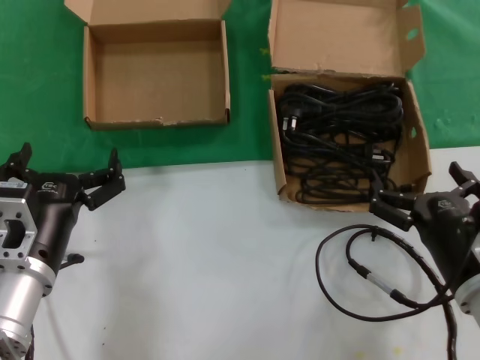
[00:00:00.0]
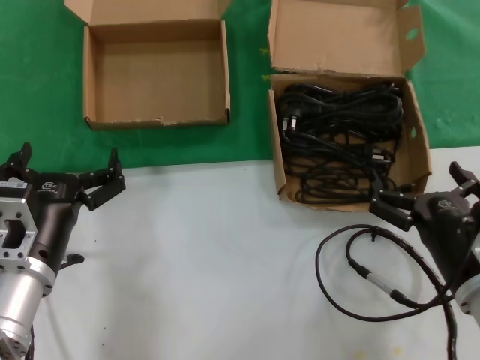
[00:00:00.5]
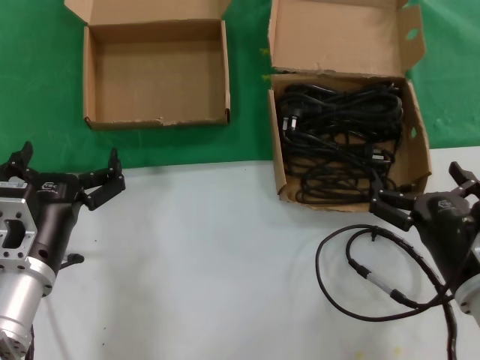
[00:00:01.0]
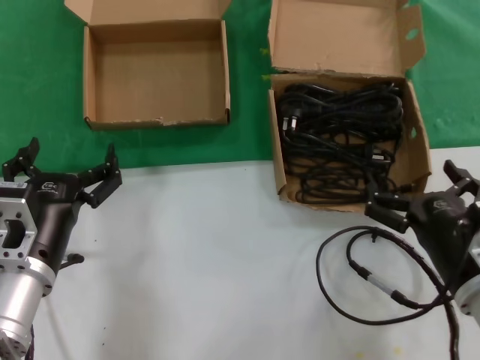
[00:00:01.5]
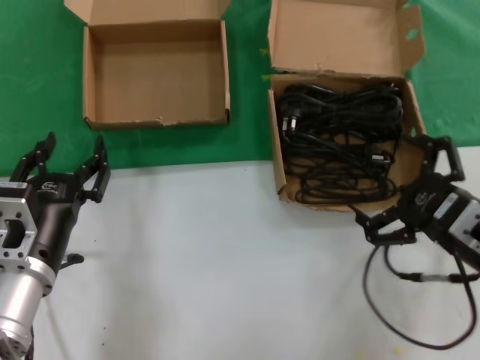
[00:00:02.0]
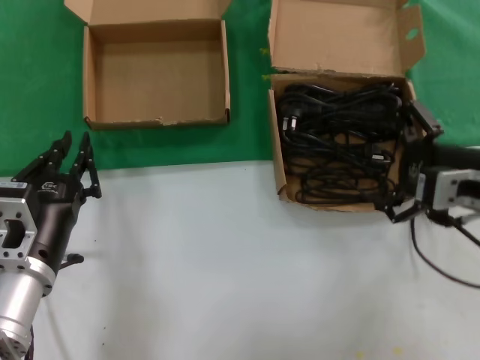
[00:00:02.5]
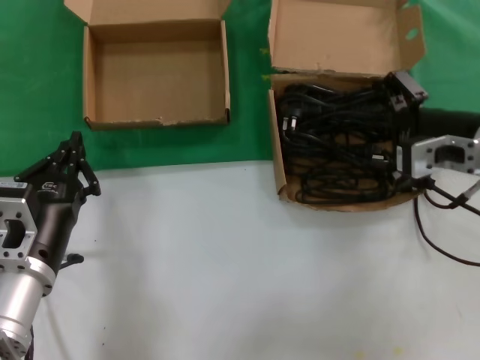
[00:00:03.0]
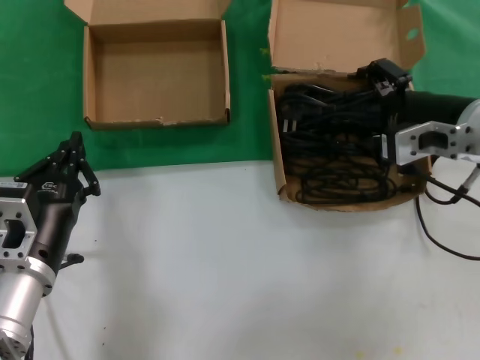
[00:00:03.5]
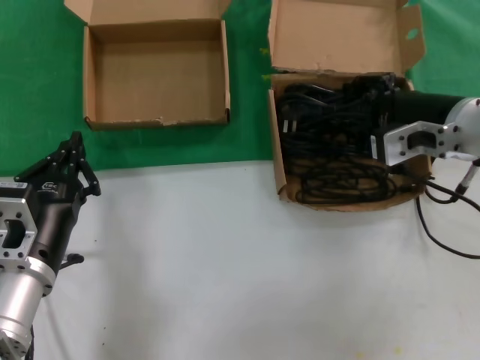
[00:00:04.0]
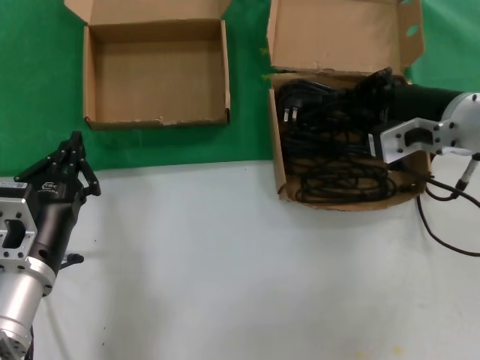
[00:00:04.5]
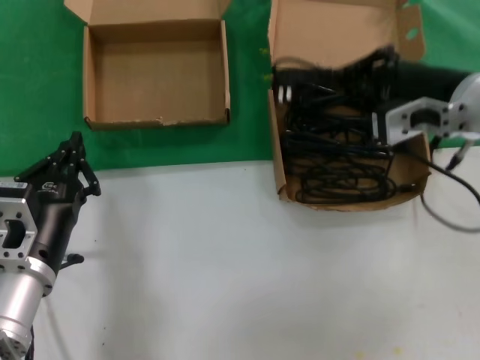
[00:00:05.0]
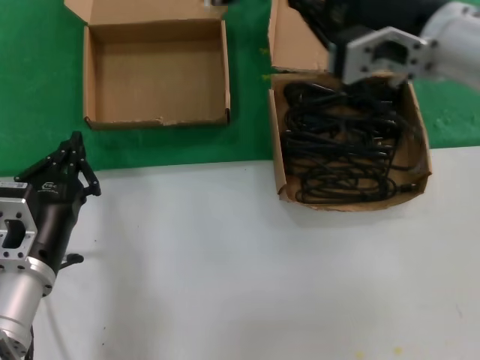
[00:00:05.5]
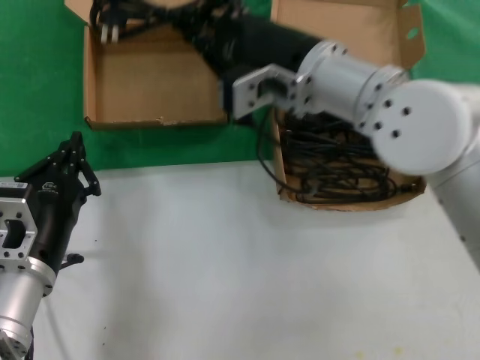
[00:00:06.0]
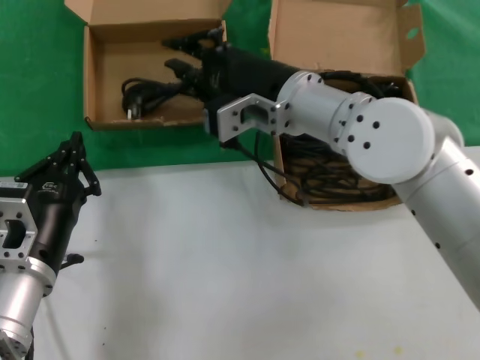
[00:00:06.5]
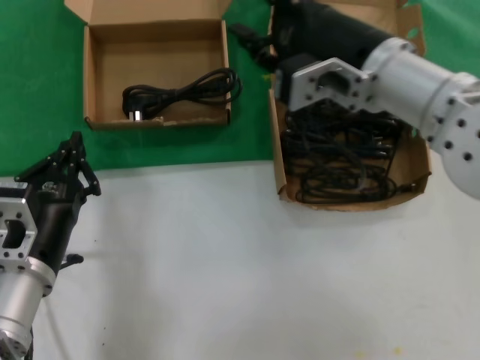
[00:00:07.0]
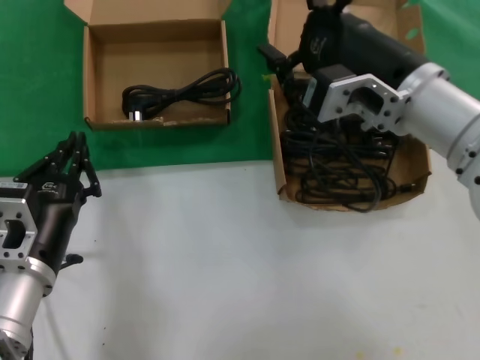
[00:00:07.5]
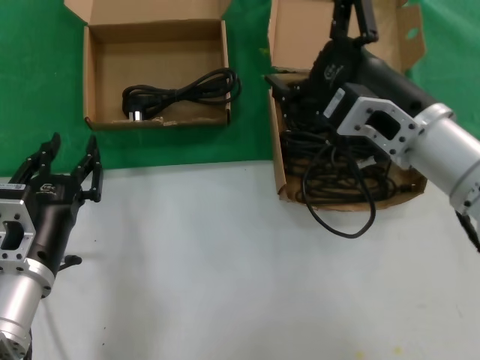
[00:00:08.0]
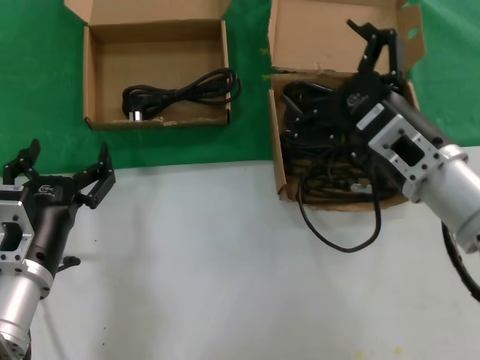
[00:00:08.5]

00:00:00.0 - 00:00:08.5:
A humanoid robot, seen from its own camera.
Task of the whole recording: take the parts from the box containing them and put them into an empty box.
Step, 00:00:00.0 - 00:00:04.0: Grasp the data cable.
Step, 00:00:04.5 - 00:00:06.5: Place the data cable in the another box.
00:00:00.0 - 00:00:02.0: The right hand goes roughly 5 cm upward.
00:00:02.0 - 00:00:04.0: The right hand heads forward and upward, covering some 15 cm.
00:00:04.0 - 00:00:06.5: The right hand shifts about 20 cm to the left.
00:00:06.5 - 00:00:08.5: The right hand moves to the right, backward and downward, roughly 15 cm.

● ● ● ● ● ● ●

__YOUR OBJECTIVE__: All that belongs in the answer is the lines from the line with "[00:00:06.5]" through the closing line of the entries, inclusive, transcribed exactly and free of pictures.

__SOLUTION FOR THIS PROBLEM__:
[00:00:06.5]
[00:00:07.0]
[00:00:07.5]
[00:00:08.0]
[00:00:08.5]

00:00:00.0 - 00:00:08.5:
A humanoid robot, seen from its own camera.
Task of the whole recording: take the parts from the box containing them and put them into an empty box.
Step, 00:00:00.0 - 00:00:04.0: Grasp the data cable.
Step, 00:00:04.5 - 00:00:06.5: Place the data cable in the another box.
00:00:00.0 - 00:00:02.0: The right hand goes roughly 5 cm upward.
00:00:02.0 - 00:00:04.0: The right hand heads forward and upward, covering some 15 cm.
00:00:04.0 - 00:00:06.5: The right hand shifts about 20 cm to the left.
00:00:06.5 - 00:00:08.5: The right hand moves to the right, backward and downward, roughly 15 cm.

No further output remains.